**Exercise prompt**
Starting with the line with "Answer: Multan Is" in the entries below and going on through the line with "did the wall", output every line exactly and nothing more. No pictures.

**Entries provided**
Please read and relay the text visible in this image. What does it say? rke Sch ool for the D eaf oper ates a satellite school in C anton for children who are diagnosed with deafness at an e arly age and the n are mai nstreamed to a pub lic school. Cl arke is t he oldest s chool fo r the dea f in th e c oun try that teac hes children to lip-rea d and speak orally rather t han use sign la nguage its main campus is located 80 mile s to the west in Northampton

* * *

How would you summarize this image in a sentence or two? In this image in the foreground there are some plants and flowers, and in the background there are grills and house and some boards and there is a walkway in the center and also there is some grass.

---

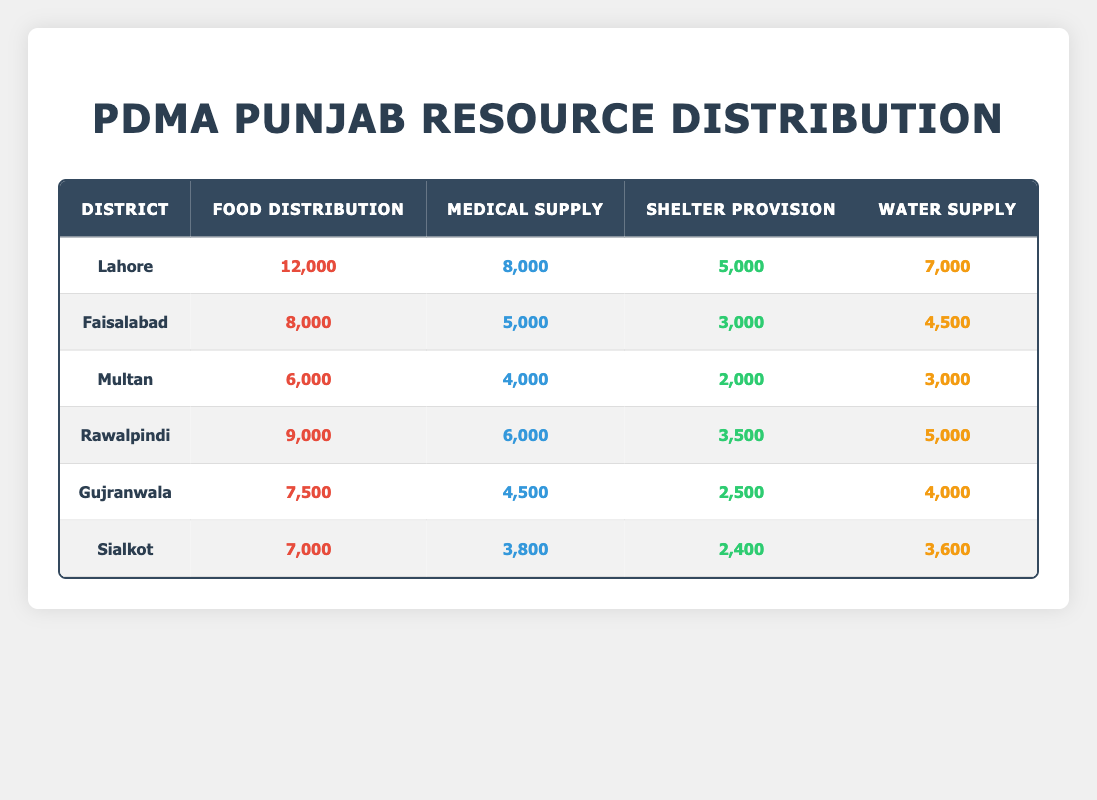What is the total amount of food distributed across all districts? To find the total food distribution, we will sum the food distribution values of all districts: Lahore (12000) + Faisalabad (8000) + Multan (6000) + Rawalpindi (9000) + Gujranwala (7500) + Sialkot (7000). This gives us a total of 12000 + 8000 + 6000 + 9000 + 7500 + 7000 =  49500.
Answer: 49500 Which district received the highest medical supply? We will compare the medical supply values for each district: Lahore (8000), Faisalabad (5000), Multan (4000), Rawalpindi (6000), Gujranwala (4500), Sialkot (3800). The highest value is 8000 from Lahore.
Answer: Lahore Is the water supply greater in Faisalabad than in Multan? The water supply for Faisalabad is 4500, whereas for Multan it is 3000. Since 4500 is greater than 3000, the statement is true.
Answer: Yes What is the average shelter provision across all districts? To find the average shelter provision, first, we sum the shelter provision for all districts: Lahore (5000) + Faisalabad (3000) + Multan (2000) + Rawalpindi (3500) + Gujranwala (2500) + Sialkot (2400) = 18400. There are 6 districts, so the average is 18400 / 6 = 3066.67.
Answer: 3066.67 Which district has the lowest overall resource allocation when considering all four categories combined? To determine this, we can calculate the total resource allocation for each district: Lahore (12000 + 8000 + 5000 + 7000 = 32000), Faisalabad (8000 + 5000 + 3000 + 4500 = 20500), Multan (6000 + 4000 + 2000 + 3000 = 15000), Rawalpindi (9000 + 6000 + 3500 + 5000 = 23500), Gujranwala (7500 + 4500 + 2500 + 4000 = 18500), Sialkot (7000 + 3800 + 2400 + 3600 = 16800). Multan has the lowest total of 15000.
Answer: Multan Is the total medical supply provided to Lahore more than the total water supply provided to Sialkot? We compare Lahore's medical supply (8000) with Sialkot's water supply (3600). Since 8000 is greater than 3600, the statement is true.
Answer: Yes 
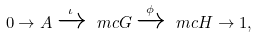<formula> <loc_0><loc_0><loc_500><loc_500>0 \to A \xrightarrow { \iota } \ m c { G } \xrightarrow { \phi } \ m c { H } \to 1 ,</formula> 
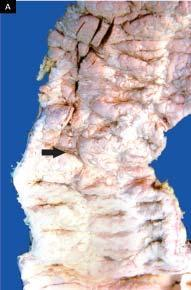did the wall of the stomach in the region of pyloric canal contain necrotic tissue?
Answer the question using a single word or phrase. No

**Reply to the task**
Answer: Multan Is the total medical supply provided to Lahore more than the total water supply provided to Sialkot? We compare Lahore's medical supply (8000) with Sialkot's water supply (3600). Since 8000 is greater than 3600, the statement is true.
Answer: Yes 
<formula> <loc_0><loc_0><loc_500><loc_500>0 \to A \xrightarrow { \iota } \ m c { G } \xrightarrow { \phi } \ m c { H } \to 1 ,</formula> 
did the wall of the stomach in the region of pyloric canal contain necrotic tissue?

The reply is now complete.